Please return every line in the entries below with the word "then" in it.

--------------------------------------------------

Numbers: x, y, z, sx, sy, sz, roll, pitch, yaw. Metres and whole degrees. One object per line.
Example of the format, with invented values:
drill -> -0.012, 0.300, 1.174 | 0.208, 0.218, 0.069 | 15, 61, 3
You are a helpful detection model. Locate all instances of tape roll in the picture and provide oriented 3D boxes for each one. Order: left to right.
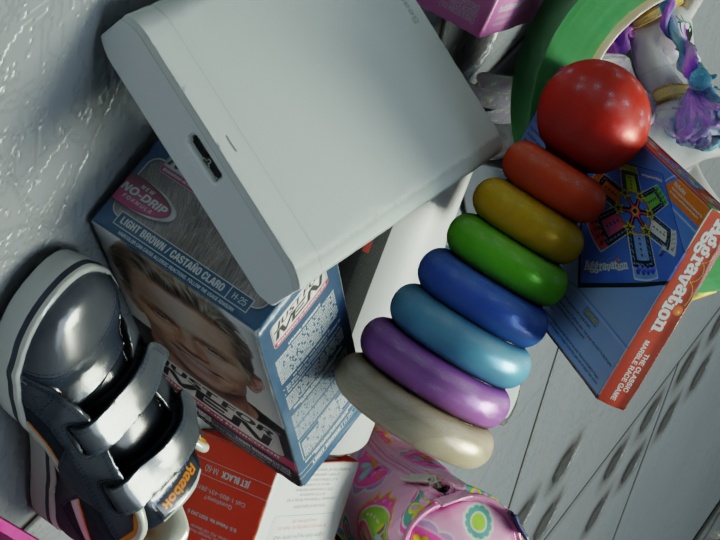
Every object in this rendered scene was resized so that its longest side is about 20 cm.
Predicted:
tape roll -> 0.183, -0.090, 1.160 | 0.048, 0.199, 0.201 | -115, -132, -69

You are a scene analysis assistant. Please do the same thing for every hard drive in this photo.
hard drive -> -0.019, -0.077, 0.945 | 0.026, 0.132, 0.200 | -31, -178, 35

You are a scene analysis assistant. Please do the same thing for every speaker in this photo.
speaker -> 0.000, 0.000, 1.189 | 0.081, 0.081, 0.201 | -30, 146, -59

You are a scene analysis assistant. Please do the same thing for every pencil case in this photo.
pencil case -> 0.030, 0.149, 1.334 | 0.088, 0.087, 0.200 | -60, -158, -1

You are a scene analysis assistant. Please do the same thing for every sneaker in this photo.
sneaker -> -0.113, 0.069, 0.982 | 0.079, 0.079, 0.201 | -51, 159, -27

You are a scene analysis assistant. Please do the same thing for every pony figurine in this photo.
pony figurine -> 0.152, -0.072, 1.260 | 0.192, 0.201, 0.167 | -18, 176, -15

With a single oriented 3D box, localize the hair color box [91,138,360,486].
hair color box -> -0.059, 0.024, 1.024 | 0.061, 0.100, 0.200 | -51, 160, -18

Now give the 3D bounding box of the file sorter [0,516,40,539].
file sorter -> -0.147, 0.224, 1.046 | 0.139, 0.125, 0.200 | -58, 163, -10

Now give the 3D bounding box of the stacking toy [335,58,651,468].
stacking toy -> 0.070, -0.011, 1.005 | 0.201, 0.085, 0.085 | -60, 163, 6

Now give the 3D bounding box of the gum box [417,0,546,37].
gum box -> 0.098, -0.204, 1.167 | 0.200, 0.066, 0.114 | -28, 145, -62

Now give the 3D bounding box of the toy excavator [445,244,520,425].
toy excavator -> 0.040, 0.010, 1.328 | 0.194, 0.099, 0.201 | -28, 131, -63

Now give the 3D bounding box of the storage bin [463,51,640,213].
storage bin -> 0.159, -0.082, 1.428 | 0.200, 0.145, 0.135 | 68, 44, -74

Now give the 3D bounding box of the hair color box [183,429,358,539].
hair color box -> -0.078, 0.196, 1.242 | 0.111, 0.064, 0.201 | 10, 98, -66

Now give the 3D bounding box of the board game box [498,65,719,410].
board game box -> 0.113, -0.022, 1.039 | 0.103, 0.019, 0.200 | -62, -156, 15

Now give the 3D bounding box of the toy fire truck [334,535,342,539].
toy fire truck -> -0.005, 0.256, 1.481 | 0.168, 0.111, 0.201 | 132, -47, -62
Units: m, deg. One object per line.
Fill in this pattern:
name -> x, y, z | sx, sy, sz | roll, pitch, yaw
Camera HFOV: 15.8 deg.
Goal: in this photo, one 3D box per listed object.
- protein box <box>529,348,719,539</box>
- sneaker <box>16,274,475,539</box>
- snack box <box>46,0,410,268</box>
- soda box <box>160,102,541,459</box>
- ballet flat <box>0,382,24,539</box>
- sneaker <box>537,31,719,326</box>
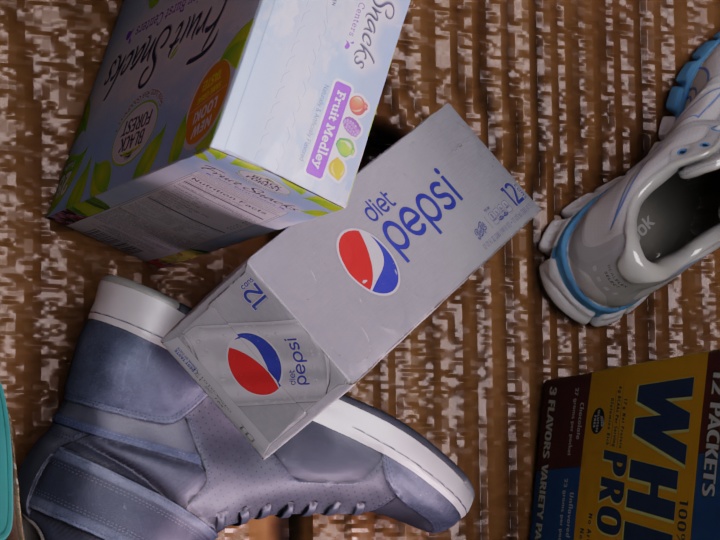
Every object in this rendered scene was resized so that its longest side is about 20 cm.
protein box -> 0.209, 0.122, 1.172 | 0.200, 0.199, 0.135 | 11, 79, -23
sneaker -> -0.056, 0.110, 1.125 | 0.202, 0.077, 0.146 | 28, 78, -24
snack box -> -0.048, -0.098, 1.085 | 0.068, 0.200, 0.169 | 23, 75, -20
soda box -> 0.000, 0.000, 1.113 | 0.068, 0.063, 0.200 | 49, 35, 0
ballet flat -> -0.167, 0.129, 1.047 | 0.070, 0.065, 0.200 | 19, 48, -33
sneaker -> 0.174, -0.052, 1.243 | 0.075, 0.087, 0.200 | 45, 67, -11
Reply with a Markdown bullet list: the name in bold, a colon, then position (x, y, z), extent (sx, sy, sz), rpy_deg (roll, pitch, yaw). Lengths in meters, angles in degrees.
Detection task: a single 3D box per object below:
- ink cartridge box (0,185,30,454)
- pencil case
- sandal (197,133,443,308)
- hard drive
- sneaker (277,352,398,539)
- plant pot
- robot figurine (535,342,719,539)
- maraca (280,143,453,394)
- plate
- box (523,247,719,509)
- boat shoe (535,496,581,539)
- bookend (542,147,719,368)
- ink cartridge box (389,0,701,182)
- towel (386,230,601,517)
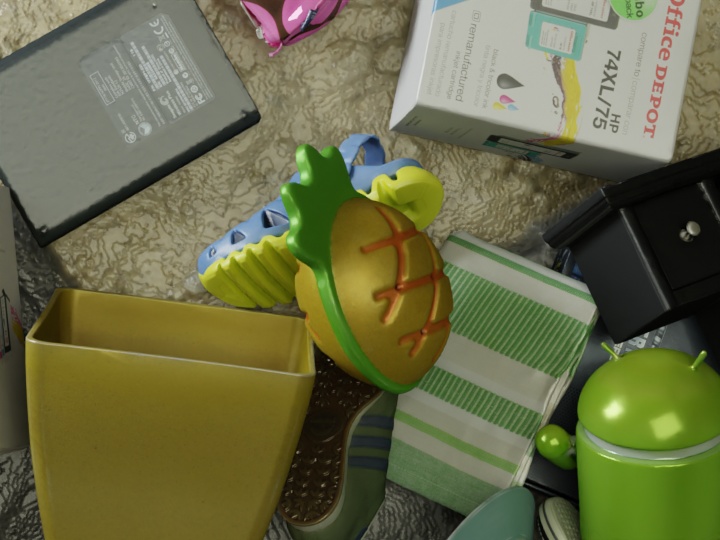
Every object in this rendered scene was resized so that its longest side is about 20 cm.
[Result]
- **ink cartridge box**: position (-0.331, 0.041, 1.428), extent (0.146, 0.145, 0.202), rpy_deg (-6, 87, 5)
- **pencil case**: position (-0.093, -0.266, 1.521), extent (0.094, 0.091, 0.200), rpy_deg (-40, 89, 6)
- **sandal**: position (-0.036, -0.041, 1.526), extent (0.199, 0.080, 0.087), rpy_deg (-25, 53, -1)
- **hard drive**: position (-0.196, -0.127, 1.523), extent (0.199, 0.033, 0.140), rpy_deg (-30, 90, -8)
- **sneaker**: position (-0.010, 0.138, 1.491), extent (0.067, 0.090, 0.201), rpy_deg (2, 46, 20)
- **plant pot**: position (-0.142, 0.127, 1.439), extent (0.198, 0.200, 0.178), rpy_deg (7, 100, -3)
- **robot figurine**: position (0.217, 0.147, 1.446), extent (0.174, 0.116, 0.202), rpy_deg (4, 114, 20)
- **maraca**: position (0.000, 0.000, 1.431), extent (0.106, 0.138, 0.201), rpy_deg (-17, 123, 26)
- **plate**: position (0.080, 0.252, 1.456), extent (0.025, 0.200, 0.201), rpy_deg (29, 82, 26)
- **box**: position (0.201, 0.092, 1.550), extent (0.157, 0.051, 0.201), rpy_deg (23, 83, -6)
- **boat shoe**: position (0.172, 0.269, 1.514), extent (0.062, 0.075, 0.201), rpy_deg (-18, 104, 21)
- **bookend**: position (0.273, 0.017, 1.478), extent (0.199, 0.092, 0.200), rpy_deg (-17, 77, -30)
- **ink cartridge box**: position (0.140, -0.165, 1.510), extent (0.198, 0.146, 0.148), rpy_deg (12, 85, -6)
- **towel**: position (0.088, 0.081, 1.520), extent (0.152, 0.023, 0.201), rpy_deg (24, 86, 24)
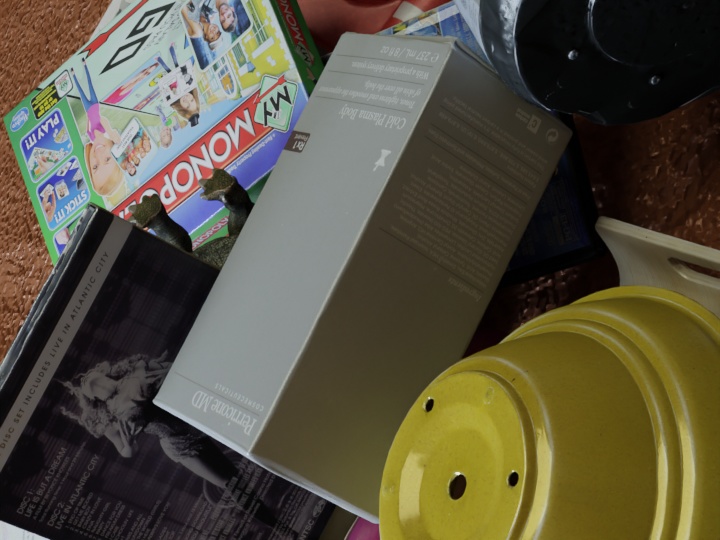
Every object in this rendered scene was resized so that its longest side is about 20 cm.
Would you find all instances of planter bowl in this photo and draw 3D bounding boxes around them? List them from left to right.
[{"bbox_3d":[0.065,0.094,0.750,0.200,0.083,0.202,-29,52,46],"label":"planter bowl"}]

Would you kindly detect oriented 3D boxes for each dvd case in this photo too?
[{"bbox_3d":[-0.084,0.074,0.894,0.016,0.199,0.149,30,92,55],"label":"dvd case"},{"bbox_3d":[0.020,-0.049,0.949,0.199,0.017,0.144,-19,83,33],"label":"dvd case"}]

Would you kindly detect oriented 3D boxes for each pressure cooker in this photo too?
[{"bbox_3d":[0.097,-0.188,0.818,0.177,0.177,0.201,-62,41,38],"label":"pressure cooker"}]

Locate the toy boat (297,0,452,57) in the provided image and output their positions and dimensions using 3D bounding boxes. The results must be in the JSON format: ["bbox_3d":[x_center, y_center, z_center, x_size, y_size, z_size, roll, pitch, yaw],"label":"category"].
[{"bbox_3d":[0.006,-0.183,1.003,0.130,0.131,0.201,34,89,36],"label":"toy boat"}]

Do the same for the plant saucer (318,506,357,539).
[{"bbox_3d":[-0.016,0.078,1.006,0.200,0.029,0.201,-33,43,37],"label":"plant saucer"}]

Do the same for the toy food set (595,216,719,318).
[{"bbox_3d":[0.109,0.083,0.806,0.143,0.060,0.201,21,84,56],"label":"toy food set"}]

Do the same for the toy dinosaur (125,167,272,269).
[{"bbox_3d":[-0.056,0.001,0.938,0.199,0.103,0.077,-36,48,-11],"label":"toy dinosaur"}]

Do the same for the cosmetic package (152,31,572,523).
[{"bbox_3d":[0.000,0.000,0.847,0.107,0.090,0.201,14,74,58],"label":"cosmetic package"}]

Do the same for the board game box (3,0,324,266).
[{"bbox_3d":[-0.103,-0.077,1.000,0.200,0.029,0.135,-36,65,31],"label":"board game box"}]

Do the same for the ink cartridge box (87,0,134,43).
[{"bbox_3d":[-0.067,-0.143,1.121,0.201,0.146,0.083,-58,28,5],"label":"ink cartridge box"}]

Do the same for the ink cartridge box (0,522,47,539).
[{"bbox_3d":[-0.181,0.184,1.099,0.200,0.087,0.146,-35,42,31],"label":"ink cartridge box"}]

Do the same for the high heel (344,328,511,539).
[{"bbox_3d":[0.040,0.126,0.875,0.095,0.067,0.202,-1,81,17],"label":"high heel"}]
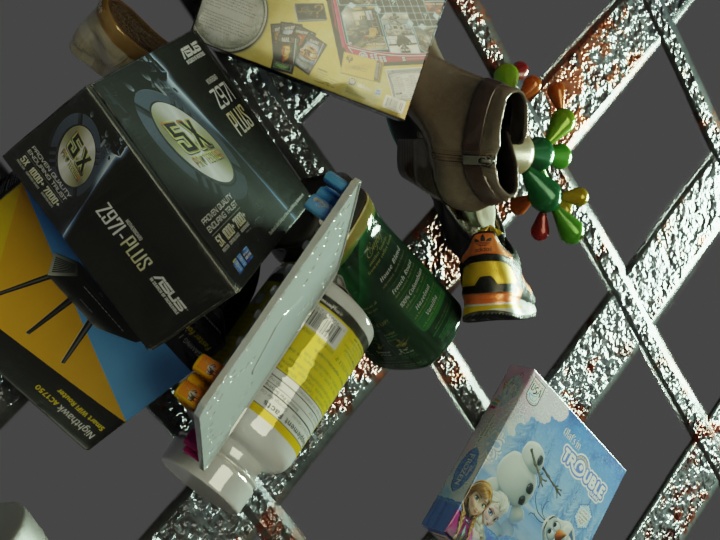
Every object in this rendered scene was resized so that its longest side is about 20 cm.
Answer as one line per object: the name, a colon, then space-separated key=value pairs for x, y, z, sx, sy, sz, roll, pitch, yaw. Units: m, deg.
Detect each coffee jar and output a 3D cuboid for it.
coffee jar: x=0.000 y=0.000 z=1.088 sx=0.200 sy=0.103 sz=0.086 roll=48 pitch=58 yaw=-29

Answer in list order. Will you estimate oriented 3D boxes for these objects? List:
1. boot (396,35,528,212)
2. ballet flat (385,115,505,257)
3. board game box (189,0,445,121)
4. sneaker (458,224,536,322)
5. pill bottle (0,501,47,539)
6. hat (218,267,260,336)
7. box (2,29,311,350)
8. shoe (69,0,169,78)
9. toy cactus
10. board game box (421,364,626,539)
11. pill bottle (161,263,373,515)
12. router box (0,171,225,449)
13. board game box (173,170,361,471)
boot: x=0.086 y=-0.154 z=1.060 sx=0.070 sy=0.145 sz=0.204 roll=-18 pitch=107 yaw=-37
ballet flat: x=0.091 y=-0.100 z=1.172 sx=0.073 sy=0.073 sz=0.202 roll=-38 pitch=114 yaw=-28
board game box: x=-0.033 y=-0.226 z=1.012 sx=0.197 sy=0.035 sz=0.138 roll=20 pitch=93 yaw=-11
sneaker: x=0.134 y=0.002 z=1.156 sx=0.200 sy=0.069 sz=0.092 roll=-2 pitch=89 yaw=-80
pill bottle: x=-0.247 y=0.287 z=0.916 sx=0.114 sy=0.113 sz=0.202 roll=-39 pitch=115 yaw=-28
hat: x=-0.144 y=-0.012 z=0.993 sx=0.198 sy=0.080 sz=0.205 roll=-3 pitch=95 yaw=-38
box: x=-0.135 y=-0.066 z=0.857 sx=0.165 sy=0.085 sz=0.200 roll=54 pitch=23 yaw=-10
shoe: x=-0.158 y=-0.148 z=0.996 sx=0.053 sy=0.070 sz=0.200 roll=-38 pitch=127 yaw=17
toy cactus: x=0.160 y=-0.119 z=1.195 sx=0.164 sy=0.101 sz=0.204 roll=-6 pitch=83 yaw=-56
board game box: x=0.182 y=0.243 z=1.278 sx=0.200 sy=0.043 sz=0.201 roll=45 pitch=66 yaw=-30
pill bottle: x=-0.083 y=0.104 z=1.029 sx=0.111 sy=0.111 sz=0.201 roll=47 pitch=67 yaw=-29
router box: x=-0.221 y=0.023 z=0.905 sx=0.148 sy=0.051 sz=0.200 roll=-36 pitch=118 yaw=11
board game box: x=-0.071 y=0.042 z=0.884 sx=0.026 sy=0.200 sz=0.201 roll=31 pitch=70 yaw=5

--------------------------------------------------

▸ Exercise result
Reply with a Markdown bullet list: the name in bold, a colon, then position (x, y, z), extent (sx, sy, sz), rpy_deg (roll, pitch, yaw). Lengths in meters, angles in degrees.
Answer as one line per object: the name, a colon, then space-separated key=value pairs for x, y, z, sx, sy, sz, roll, pitch, yaw. Units: m, deg.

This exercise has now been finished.